To restrict and secure SSH access, bind SSHD to a single IP that is different than the main IP to the server, and on a different port than port 22.
SSH into server and login as root user
Once logged in in command prompt type:
root@admin[]#pico /etc/ssh/sshd_config
Scroll down to the section of the file that looks like this:
Code:
#Port 22
#Protocol 2, 1
#ListenAddress 0.0.0.0
#ListenAddress ::
Uncomment and change
#Port 22
to look like
Port 5678 (choose your own 4 to 5 digit port number (49999 is the highest port number)
Uncomment and change
#Protocol 2, 1
to look like remove 1 from above line
Protocol 2
Uncomment and change
#ListenAddress 0.0.0.0
to look like as follows
ListenAddress 115.186.0.2 (use one of your own IP Addresses that has been assigned to your server,if you are not sure about your local machine ip then browse the URL http://whatismyip.com/)
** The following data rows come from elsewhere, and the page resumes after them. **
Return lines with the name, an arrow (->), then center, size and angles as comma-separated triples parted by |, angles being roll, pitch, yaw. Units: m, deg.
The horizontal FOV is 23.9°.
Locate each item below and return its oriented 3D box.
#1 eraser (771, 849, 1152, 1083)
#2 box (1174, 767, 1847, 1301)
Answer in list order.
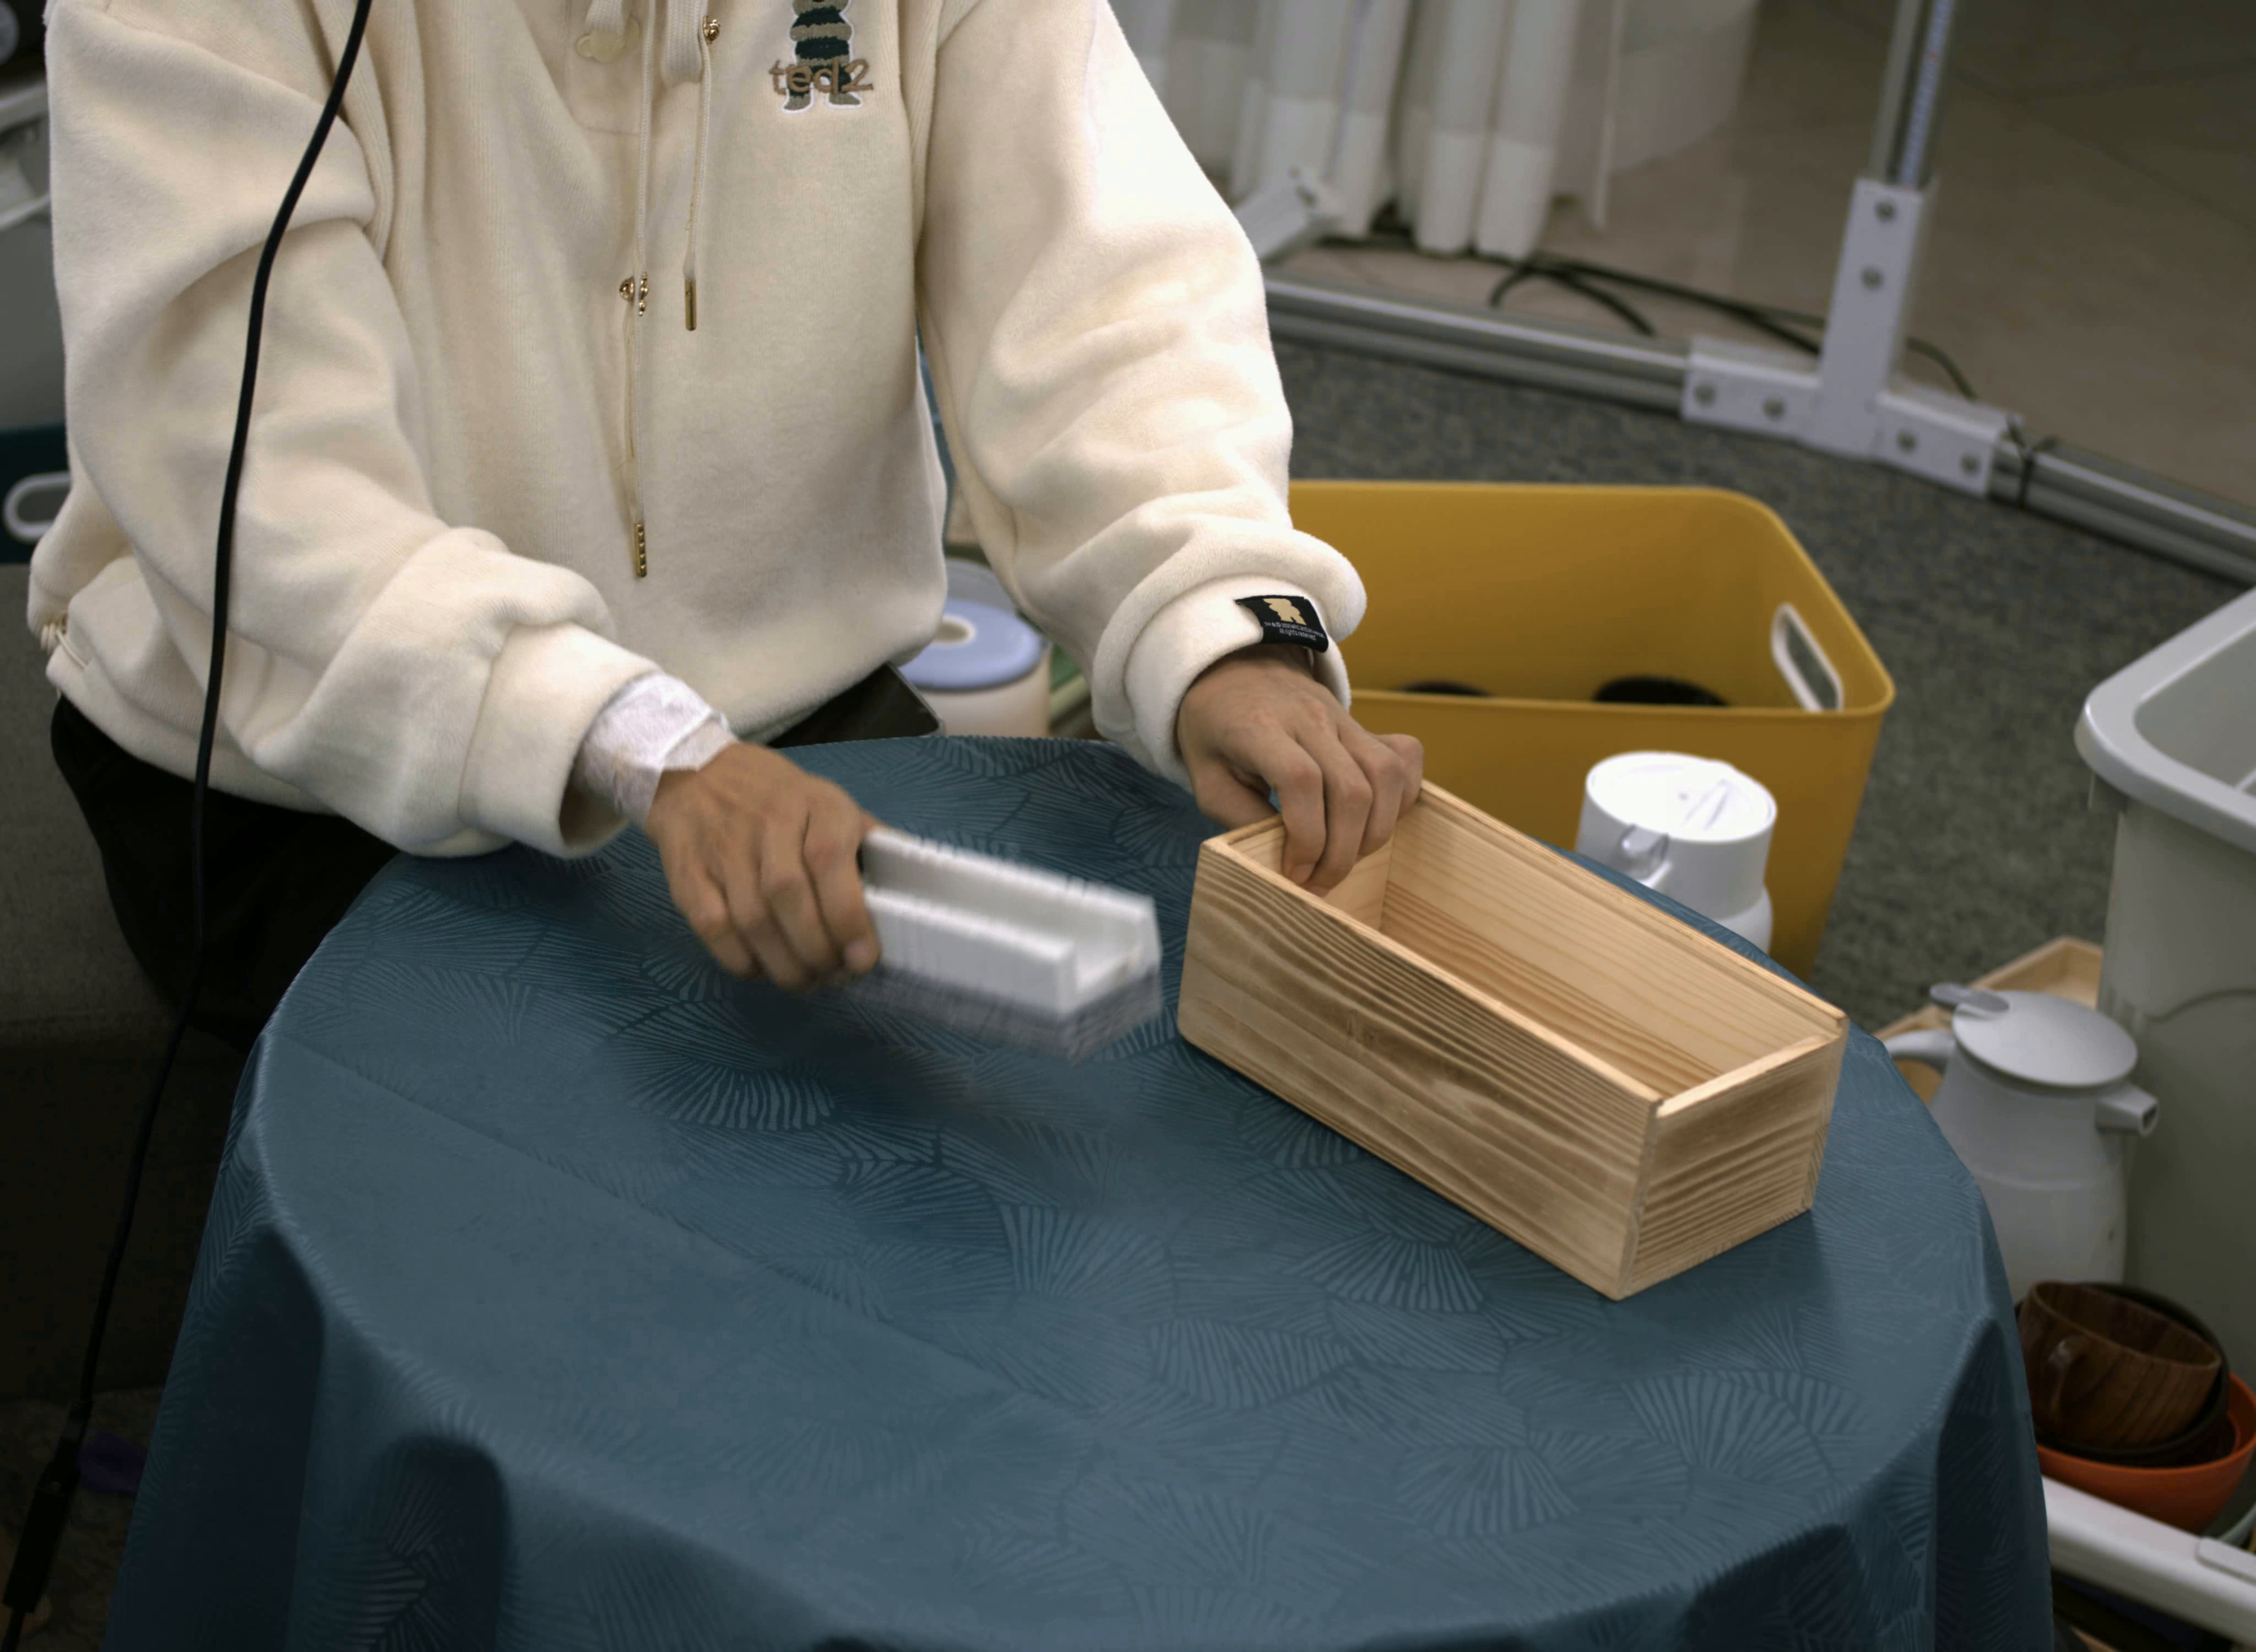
eraser -> -0.057, 0.047, 1.817 | 0.135, 0.046, 0.049 | 15, 32, 40
box -> 0.130, 0.069, 1.849 | 0.107, 0.080, 0.213 | -19, 38, -41

Note 1: If you would like to disable direct Root Login, scroll down until you find
#PermitRootLogin yes
and uncomment it and make it look like
PermitRootLogin no
Save by pressing Ctrl o on your keyboard, and then exit by pressing Ctrl x on your keyboard.
Once file save restart SSHD service
root@admin[]# /etc/rc.d/init.d/sshd restart
Do not Logout from current SSH first try to connect Server from duplicate session , and then re-login to SSH using the new IP or nameserver, and the new port.